» WHAT NEEDS TO BE DONE:
Set down the data below in full, exactly as it reads, but without the pictures.

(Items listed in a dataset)
________________________________________

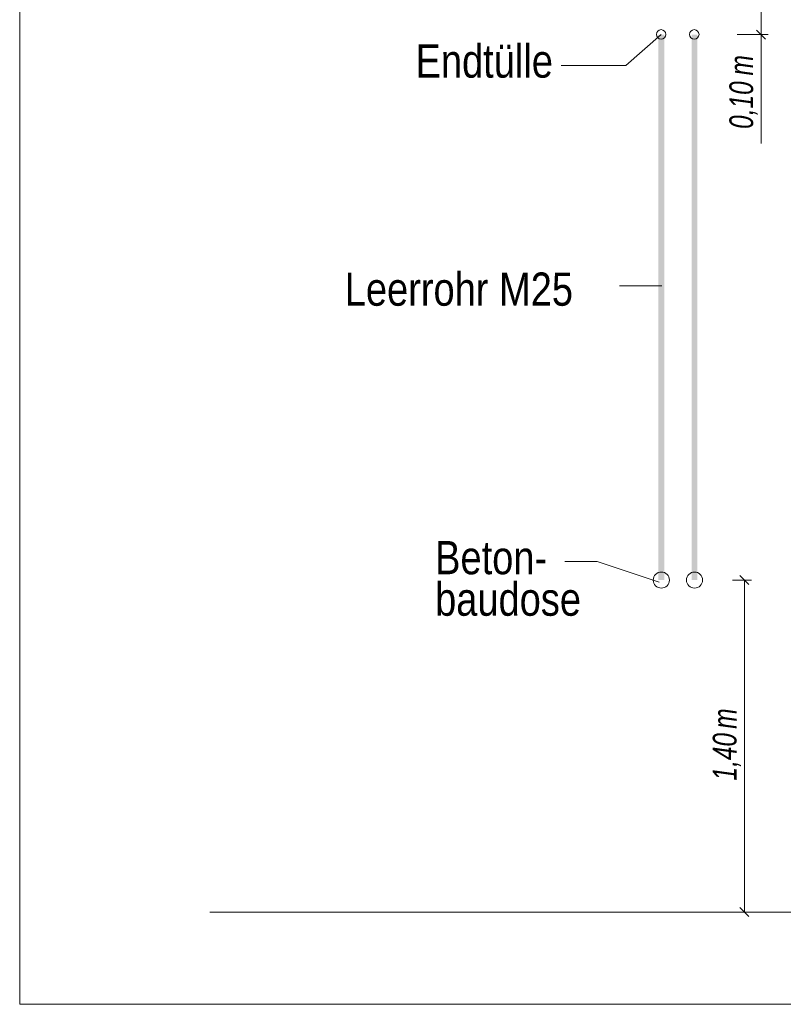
# Model space of a CAD drawing. Extents: x -500 to 300, y 62 to 1162.
# Tile 77 of 256: x 124 to 156, y 762 to 803. Entities that reach past the tile are written whole.
import ezdxf
from ezdxf.lldxf.tags import DXFTag

# ---------------------------------------------------------------- set-up
doc = ezdxf.new("R2010")
doc.units = 0
doc.layers.get('0').update_dxf_attribs({"lineweight": 13})
for name, color, linetype, lineweight, true_color in [('E_Aussparung Bemaßung-A06G93S68I', 5, 'Continuous', 9, 0x0000ff), ('E_Betonbaudose', 1, 'Continuous', 13, 0xff0000), ('E_Detail_Beschriftung', 7, 'Continuous', 13, 0x009900)]:
    doc.layers.add(name, color=color, linetype=linetype, lineweight=lineweight, true_color=true_color)
doc.layers.add('E_Detail_Linie_Text_Bem', color=7, linetype='Continuous', lineweight=13)
doc.styles.get("Standard").update_dxf_attribs({"font": 'ARIALN.TTF'})
tags = doc.linetypes.add('fein_strichliert-A06G93S58I', pattern=[4, 1, -2, 1]).pattern_tags.tags
tags[8:9] = [DXFTag(74, 4), DXFTag(75, 0), DXFTag(340, '0'), DXFTag(46, 0.0), DXFTag(50, 0.0), DXFTag(44, 0.0), DXFTag(45, 0.0)]
tags[6:7] = [DXFTag(74, 4), DXFTag(75, 0), DXFTag(340, '0'), DXFTag(46, 0.0), DXFTag(50, 0.0), DXFTag(44, 0.0), DXFTag(45, 0.0)]
tags[4:5] = [DXFTag(74, 4), DXFTag(75, 0), DXFTag(340, '0'), DXFTag(46, 0.0), DXFTag(50, 0.0), DXFTag(44, 0.0), DXFTag(45, 0.0)]

# ---------------------------------------------------------------- blocks, each defined once
blk = doc.blocks.new('Referenz-A06G93S98I')
at = {"layer": 'E_Aussparung Bemaßung-A06G93S68I', "linetype": 'Continuous', "ltscale": 0.13}
for p, q in [((155.047, 804.246), (155.047, 797.891)), ((154.857, 802.673), (155.238, 802.291)), ((155.347, 802.482), (154.047, 802.482)), ((154.647, 779.482), (153.847, 779.482)), ((154.538, 779.291), (154.157, 779.673)), ((154.347, 779.482), (154.347, 765.482)), ((154.538, 765.291), (154.157, 765.673)), ((154.647, 765.482), (153.847, 765.482))]:
    blk.add_line(p, q, dxfattribs=at)
at = {"layer": 'E_Betonbaudose', "linetype": 'Continuous', "ltscale": 0.13}
for centre, radius in [((150.833, 802.492), 0.2), ((152.233, 802.492), 0.2), ((150.843, 779.482), 0.34), ((152.243, 779.482), 0.34)]:
    blk.add_circle(centre, radius, dxfattribs=at)
at = {"layer": 'E_Detail_Linie_Text_Bem', "linetype": 'fein_strichliert-A06G93S58I', "ltscale": 0.65}
for p, q in [((123.782, 822.909), (123.782, 761.593)), ((123.782, 761.593), (183.525, 761.593))]:
    blk.add_line(p, q, dxfattribs=at)
at = {"layer": 'E_Detail_Linie_Text_Bem', "color": 0, "linetype": 'Continuous', "ltscale": 0.13}
for p, q in [((149.346, 801.174), (150.833, 802.492)), ((149.346, 801.174), (146.624, 801.174)), ((149.077, 791.896), (150.862, 791.896)), ((148.141, 780.262), (146.772, 780.262)), ((148.141, 780.262), (150.752, 779.389))]:
    blk.add_line(p, q, dxfattribs=at)
at = {"layer": 'E_Detail_Linie_Text_Bem', "linetype": 'Continuous', "ltscale": 0.13}
blk.add_line((131.798, 765.482), (168.811, 765.482), dxfattribs=at)
for points in [[(150.968, 802.483), (150.968, 779.482), (150.718, 802.482), (150.718, 779.482)], [(152.368, 802.483), (152.368, 779.482), (152.118, 802.482), (152.118, 779.482)]]:
    blk.add_solid(points, dxfattribs=at)
at = {"layer": 'E_Aussparung Bemaßung-A06G93S68I', "linetype": 'Continuous', "ltscale": 0.13, "char_height": 1, "attachment_point": 1, "rotation": 90}
for s, insert in [('{\\W0.9;\\fArial Narrow|b0|i1;m}', (153.714, 800.759)), ('{\\W0.9;\\fArial Narrow|b0|i1;0,10 }', (153.714, 798.507)), ('{\\W0.9;\\fArial Narrow|b0|i1;m}', (153.014, 773.211)), ('{\\W0.9;\\fArial Narrow|b0|i1;1,40 }', (153.014, 771.027))]:
    blk.add_mtext(s, dxfattribs=dict(at, insert=insert))
at = {"layer": 'E_Detail_Beschriftung', "linetype": 'Continuous', "ltscale": 0.13, "char_height": 1.4, "attachment_point": 1}
for s, insert in [('{\\fArial Narrow;Endtülle}', (140.477, 802.068)), ('{\\fArial Narrow;Leerrohr M25}', (137.492, 792.451)), ('{\\fArial Narrow;Beton-}', (141.302, 781.128)), ('{\\fArial Narrow;baudose}', (141.302, 779.378))]:
    blk.add_mtext(s, dxfattribs=dict(at, insert=insert))

msp = doc.modelspace()

# ---------------------------------------------------------------- block references
at = {"color": 8, "lineweight": 25, "ltscale": 0.25, "true_color": 0x808080}
msp.add_blockref('Referenz-A06G93S98I', (0, 0), dxfattribs=at)

doc.saveas('drawing.dxf')

________________________________________

» RESULT OF THE TASK:
# Model space of a CAD drawing. Extents: x -500 to 300, y 62 to 1162.
# Tile 77 of 256: x 124 to 156, y 762 to 803. Entities that reach past the tile are written whole.
import ezdxf
from ezdxf.lldxf.tags import DXFTag

# ---------------------------------------------------------------- set-up
doc = ezdxf.new("R2010")
doc.units = 0
doc.layers.get('0').update_dxf_attribs({"lineweight": 13})
for name, color, linetype, lineweight, true_color in [('E_Aussparung Bemaßung-A06G93S68I', 5, 'Continuous', 9, 0x0000ff), ('E_Betonbaudose', 1, 'Continuous', 13, 0xff0000), ('E_Detail_Beschriftung', 7, 'Continuous', 13, 0x009900)]:
    doc.layers.add(name, color=color, linetype=linetype, lineweight=lineweight, true_color=true_color)
doc.layers.add('E_Detail_Linie_Text_Bem', color=7, linetype='Continuous', lineweight=13)
doc.styles.get("Standard").update_dxf_attribs({"font": 'ARIALN.TTF'})
tags = doc.linetypes.add('fein_strichliert-A06G93S58I', pattern=[4, 1, -2, 1]).pattern_tags.tags
tags[8:9] = [DXFTag(74, 4), DXFTag(75, 0), DXFTag(340, '0'), DXFTag(46, 0.0), DXFTag(50, 0.0), DXFTag(44, 0.0), DXFTag(45, 0.0)]
tags[6:7] = [DXFTag(74, 4), DXFTag(75, 0), DXFTag(340, '0'), DXFTag(46, 0.0), DXFTag(50, 0.0), DXFTag(44, 0.0), DXFTag(45, 0.0)]
tags[4:5] = [DXFTag(74, 4), DXFTag(75, 0), DXFTag(340, '0'), DXFTag(46, 0.0), DXFTag(50, 0.0), DXFTag(44, 0.0), DXFTag(45, 0.0)]

# ---------------------------------------------------------------- blocks, each defined once
blk = doc.blocks.new('Referenz-A06G93S98I')
at = {"layer": 'E_Aussparung Bemaßung-A06G93S68I', "linetype": 'Continuous', "ltscale": 0.13}
for p, q in [((155.047, 804.246), (155.047, 797.891)), ((154.857, 802.673), (155.238, 802.291)), ((155.347, 802.482), (154.047, 802.482)), ((154.647, 779.482), (153.847, 779.482)), ((154.538, 779.291), (154.157, 779.673)), ((154.347, 779.482), (154.347, 765.482)), ((154.538, 765.291), (154.157, 765.673)), ((154.647, 765.482), (153.847, 765.482))]:
    blk.add_line(p, q, dxfattribs=at)
at = {"layer": 'E_Betonbaudose', "linetype": 'Continuous', "ltscale": 0.13}
for centre, radius in [((150.833, 802.492), 0.2), ((152.233, 802.492), 0.2), ((150.843, 779.482), 0.34), ((152.243, 779.482), 0.34)]:
    blk.add_circle(centre, radius, dxfattribs=at)
at = {"layer": 'E_Detail_Linie_Text_Bem', "linetype": 'fein_strichliert-A06G93S58I', "ltscale": 0.65}
for p, q in [((123.782, 822.909), (123.782, 761.593)), ((123.782, 761.593), (183.525, 761.593))]:
    blk.add_line(p, q, dxfattribs=at)
at = {"layer": 'E_Detail_Linie_Text_Bem', "color": 0, "linetype": 'Continuous', "ltscale": 0.13}
for p, q in [((149.346, 801.174), (150.833, 802.492)), ((149.346, 801.174), (146.624, 801.174)), ((149.077, 791.896), (150.862, 791.896)), ((148.141, 780.262), (146.772, 780.262)), ((148.141, 780.262), (150.752, 779.389))]:
    blk.add_line(p, q, dxfattribs=at)
at = {"layer": 'E_Detail_Linie_Text_Bem', "linetype": 'Continuous', "ltscale": 0.13}
blk.add_line((131.798, 765.482), (168.811, 765.482), dxfattribs=at)
for points in [[(150.968, 802.483), (150.968, 779.482), (150.718, 802.482), (150.718, 779.482)], [(152.368, 802.483), (152.368, 779.482), (152.118, 802.482), (152.118, 779.482)]]:
    blk.add_solid(points, dxfattribs=at)
at = {"layer": 'E_Aussparung Bemaßung-A06G93S68I', "linetype": 'Continuous', "ltscale": 0.13, "char_height": 1, "attachment_point": 1, "rotation": 90}
for s, insert in [('{\\W0.9;\\fArial Narrow|b0|i1;m}', (153.714, 800.759)), ('{\\W0.9;\\fArial Narrow|b0|i1;0,10 }', (153.714, 798.507)), ('{\\W0.9;\\fArial Narrow|b0|i1;m}', (153.014, 773.211)), ('{\\W0.9;\\fArial Narrow|b0|i1;1,40 }', (153.014, 771.027))]:
    blk.add_mtext(s, dxfattribs=dict(at, insert=insert))
at = {"layer": 'E_Detail_Beschriftung', "linetype": 'Continuous', "ltscale": 0.13, "char_height": 1.4, "attachment_point": 1}
for s, insert in [('{\\fArial Narrow;Endtülle}', (140.477, 802.068)), ('{\\fArial Narrow;Leerrohr M25}', (137.492, 792.451)), ('{\\fArial Narrow;Beton-}', (141.302, 781.128)), ('{\\fArial Narrow;baudose}', (141.302, 779.378))]:
    blk.add_mtext(s, dxfattribs=dict(at, insert=insert))

msp = doc.modelspace()

# ---------------------------------------------------------------- block references
at = {"color": 8, "lineweight": 25, "ltscale": 0.25, "true_color": 0x808080}
msp.add_blockref('Referenz-A06G93S98I', (0, 0), dxfattribs=at)

doc.saveas('drawing.dxf')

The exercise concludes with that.